"""

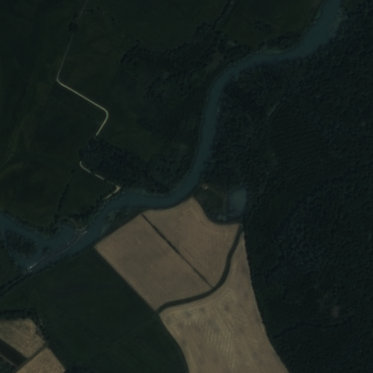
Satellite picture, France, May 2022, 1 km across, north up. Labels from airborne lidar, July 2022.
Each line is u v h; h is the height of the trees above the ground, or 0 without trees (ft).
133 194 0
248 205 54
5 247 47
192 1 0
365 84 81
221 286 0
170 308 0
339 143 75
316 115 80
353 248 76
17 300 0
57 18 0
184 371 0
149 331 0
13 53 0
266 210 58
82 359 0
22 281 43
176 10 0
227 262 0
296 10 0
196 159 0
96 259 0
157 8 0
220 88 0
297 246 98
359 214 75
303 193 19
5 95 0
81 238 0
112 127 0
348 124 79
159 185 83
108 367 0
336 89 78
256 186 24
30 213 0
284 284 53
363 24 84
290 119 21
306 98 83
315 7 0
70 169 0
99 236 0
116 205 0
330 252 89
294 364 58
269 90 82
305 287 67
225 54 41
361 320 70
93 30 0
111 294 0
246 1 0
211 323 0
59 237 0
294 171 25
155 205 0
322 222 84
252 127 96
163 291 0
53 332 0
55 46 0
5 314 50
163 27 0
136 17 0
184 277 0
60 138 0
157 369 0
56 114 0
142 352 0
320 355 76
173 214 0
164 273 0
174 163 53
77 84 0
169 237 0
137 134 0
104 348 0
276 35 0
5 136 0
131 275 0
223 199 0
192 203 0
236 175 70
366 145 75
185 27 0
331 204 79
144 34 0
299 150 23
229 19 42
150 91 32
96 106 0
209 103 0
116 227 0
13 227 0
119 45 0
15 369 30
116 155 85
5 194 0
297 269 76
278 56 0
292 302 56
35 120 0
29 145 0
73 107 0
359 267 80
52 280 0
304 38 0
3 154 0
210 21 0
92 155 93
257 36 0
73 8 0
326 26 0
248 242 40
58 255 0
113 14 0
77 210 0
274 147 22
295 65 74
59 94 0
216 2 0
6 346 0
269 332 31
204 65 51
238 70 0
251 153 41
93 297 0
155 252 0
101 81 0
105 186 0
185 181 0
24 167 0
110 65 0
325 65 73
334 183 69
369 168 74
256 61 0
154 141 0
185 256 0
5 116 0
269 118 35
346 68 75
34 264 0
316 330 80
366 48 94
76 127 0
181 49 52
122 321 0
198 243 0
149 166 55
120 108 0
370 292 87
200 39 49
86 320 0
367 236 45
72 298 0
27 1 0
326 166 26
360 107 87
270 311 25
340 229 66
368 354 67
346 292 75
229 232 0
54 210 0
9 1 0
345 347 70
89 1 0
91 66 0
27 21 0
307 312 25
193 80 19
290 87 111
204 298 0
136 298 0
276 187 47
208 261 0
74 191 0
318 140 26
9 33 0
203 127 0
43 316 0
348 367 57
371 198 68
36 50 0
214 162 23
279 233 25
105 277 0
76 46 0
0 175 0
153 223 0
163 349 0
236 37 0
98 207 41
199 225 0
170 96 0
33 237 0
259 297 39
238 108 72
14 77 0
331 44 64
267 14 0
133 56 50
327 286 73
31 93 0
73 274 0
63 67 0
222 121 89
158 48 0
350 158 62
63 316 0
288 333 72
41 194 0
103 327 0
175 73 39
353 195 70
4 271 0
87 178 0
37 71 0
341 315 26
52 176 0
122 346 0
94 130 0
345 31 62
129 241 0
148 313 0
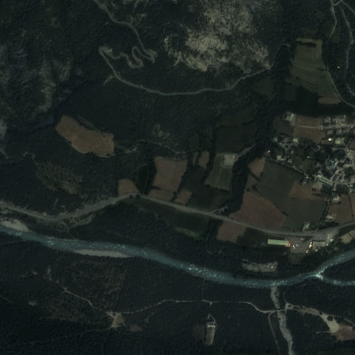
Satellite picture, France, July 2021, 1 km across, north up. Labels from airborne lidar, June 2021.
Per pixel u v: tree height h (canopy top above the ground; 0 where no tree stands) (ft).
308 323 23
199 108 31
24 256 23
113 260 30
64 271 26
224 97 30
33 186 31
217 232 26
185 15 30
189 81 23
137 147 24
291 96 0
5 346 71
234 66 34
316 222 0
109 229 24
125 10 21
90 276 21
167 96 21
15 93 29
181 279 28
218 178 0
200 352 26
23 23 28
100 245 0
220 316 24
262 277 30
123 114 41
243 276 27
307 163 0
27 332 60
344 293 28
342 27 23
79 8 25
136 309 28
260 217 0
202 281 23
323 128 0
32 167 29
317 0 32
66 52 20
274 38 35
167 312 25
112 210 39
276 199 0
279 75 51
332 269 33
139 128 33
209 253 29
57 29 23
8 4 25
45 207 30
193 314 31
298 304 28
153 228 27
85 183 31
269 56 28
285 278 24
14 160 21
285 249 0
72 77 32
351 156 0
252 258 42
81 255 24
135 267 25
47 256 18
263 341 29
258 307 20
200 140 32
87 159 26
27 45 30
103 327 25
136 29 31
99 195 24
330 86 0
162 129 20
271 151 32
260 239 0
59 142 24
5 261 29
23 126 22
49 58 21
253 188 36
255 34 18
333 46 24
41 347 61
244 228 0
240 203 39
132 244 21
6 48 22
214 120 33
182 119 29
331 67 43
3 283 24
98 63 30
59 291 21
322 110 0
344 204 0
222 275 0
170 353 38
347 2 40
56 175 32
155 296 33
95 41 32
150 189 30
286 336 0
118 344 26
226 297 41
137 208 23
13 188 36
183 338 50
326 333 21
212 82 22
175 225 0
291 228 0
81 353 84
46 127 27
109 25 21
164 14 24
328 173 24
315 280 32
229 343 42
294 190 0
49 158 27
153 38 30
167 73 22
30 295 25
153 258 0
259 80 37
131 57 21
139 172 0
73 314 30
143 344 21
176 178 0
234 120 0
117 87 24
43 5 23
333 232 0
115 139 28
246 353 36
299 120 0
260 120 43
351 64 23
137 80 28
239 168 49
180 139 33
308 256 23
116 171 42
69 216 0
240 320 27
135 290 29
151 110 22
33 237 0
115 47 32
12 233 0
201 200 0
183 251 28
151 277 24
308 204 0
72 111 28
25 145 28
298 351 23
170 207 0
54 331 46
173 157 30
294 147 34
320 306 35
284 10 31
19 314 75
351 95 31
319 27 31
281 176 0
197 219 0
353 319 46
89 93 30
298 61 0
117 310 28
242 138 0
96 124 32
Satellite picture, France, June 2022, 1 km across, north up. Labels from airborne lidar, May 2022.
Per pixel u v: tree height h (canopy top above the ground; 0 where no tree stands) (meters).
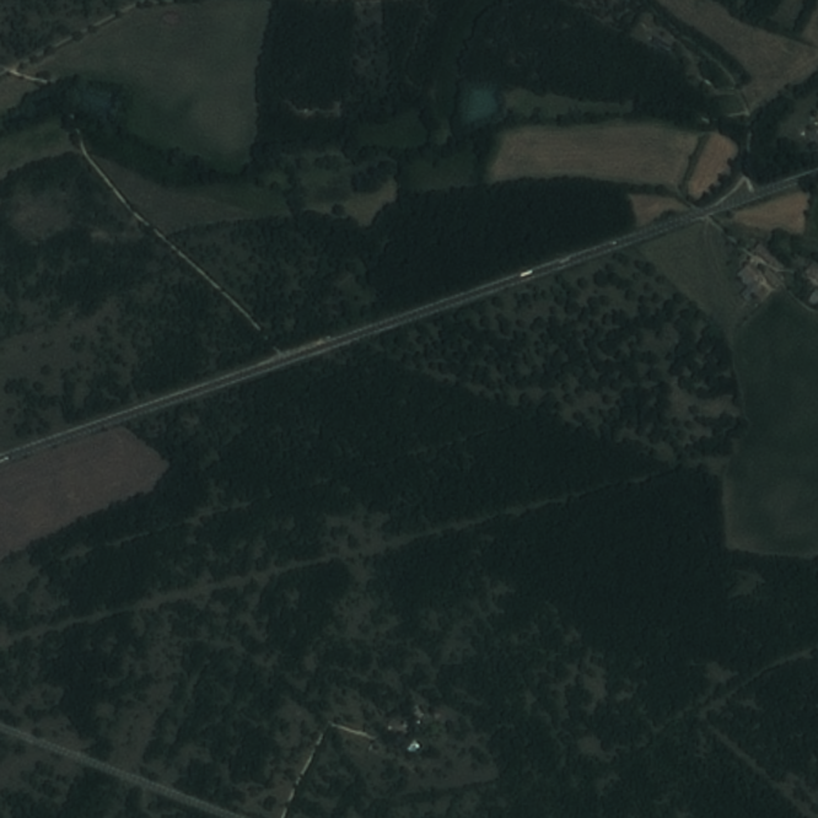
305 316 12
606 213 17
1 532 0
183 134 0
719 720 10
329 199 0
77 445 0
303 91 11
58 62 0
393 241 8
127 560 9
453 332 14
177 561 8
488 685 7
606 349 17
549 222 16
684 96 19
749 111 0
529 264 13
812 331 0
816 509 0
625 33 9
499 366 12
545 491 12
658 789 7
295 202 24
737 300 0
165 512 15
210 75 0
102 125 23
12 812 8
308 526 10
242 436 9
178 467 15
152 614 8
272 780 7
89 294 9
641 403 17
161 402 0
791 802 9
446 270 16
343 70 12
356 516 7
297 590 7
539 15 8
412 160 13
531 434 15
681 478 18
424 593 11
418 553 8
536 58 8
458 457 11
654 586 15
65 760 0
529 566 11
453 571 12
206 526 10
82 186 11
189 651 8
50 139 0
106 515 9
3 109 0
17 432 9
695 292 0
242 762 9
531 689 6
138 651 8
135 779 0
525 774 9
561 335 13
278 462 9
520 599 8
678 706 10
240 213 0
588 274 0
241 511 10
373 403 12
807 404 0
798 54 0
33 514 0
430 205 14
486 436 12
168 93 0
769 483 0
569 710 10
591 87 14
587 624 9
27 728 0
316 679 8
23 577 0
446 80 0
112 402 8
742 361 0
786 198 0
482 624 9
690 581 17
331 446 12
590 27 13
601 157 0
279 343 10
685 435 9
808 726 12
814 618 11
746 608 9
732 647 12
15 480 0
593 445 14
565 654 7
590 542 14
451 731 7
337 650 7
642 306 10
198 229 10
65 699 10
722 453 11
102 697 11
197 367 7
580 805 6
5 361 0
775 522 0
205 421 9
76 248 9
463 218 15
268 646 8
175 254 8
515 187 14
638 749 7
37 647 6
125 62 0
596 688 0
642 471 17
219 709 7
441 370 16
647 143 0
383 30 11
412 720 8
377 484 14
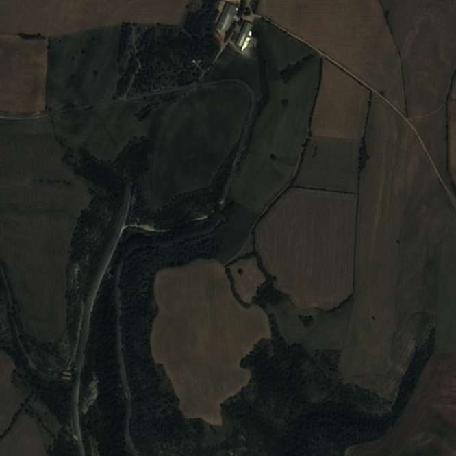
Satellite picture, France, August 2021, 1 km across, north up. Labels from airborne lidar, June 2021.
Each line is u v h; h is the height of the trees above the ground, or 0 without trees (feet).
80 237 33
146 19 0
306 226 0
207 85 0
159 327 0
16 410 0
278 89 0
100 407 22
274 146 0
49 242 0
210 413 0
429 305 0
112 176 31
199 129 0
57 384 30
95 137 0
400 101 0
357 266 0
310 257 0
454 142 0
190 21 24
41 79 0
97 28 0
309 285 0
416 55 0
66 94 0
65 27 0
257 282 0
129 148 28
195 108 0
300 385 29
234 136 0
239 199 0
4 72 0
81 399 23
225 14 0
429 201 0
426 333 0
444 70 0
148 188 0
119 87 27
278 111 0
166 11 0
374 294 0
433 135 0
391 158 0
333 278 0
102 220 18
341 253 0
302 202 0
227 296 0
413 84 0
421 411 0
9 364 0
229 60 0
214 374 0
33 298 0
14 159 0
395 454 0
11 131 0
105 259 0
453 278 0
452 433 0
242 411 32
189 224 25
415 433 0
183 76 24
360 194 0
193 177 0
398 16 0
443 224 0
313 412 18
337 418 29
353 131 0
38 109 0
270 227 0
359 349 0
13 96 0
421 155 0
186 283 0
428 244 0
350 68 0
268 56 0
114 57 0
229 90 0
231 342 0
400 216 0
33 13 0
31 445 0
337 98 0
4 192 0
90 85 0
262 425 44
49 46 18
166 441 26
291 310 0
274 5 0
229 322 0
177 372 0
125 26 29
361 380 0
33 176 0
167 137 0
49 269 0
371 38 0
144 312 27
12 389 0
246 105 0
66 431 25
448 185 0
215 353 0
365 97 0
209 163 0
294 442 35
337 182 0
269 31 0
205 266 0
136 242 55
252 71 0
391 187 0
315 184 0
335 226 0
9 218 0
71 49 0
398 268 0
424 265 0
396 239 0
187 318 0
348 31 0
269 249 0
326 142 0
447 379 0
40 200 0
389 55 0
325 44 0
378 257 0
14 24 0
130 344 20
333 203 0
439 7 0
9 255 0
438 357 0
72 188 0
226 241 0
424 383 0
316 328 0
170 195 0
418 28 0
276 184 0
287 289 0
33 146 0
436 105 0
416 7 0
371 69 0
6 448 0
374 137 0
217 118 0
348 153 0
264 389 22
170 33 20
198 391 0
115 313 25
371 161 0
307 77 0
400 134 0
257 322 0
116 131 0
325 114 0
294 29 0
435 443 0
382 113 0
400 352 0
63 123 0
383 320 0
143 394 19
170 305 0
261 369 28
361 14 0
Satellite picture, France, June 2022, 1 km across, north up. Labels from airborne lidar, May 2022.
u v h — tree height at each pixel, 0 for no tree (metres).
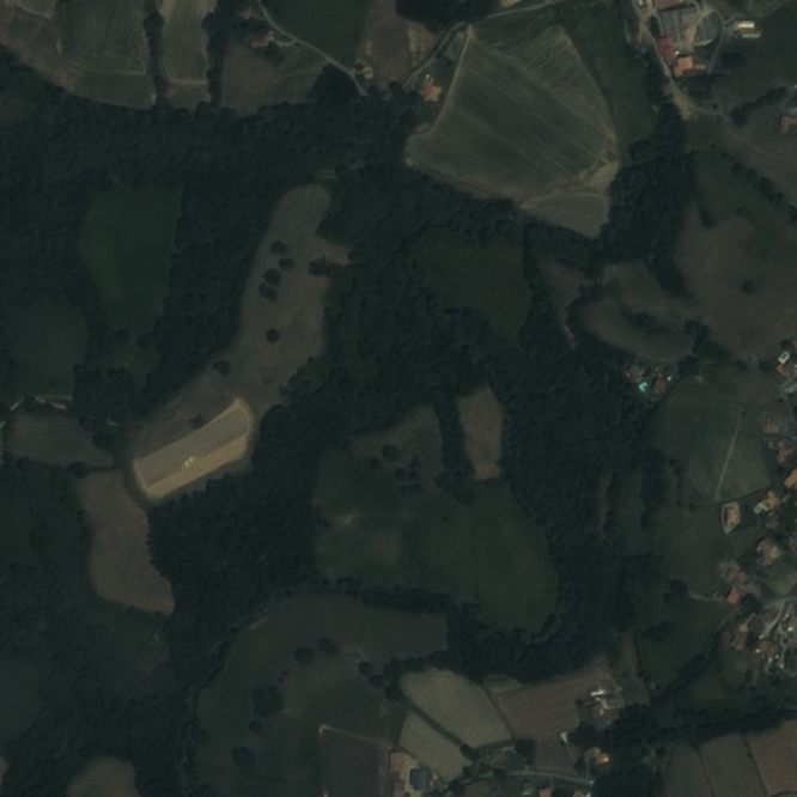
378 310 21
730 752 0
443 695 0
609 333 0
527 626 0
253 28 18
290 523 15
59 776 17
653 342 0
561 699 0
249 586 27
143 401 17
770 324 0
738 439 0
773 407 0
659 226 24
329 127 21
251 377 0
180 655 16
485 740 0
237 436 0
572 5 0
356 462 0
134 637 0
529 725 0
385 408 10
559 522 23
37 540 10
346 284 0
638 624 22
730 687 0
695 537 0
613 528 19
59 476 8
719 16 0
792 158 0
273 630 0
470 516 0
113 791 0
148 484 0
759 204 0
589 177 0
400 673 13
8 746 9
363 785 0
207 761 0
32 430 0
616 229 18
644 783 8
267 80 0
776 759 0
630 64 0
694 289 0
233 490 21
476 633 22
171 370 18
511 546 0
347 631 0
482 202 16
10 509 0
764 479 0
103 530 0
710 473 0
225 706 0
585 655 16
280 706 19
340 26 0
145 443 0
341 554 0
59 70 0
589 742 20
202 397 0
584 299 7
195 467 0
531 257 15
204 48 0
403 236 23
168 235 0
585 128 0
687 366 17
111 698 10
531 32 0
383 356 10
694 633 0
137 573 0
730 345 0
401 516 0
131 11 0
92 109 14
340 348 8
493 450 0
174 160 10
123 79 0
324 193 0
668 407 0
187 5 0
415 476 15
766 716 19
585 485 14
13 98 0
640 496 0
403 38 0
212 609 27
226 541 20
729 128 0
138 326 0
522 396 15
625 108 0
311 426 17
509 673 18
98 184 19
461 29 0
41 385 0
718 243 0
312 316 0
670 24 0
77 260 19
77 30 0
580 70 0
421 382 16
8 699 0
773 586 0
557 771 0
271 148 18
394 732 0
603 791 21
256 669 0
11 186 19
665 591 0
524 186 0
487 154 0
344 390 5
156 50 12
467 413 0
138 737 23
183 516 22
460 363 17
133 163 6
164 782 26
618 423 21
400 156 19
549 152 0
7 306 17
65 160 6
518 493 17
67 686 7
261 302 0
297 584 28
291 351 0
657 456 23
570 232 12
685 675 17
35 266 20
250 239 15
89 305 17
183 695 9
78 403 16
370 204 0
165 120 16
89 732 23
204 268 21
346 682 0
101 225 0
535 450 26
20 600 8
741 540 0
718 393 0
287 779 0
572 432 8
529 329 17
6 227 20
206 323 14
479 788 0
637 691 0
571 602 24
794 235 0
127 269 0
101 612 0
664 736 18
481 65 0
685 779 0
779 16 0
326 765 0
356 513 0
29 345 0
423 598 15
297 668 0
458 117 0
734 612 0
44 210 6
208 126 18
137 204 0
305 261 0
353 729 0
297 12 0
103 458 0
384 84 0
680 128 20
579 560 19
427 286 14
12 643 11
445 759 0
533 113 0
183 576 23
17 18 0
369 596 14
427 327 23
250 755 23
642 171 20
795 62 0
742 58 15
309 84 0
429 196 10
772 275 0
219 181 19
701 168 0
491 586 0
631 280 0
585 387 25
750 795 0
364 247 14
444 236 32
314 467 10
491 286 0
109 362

"""

Problem to solve
Copy each line of the records containing the string "from".

Task solution
Satellite picture, France, May 2022, 1 km across, north up. Labels from airborne lidar, July 2022.
Satellite picture, France, July 2021, 1 km across, north up. Labels from airborne lidar, June 2021.
Satellite picture, France, June 2022, 1 km across, north up. Labels from airborne lidar, May 2022.
Satellite picture, France, August 2021, 1 km across, north up. Labels from airborne lidar, June 2021.
Satellite picture, France, June 2022, 1 km across, north up. Labels from airborne lidar, May 2022.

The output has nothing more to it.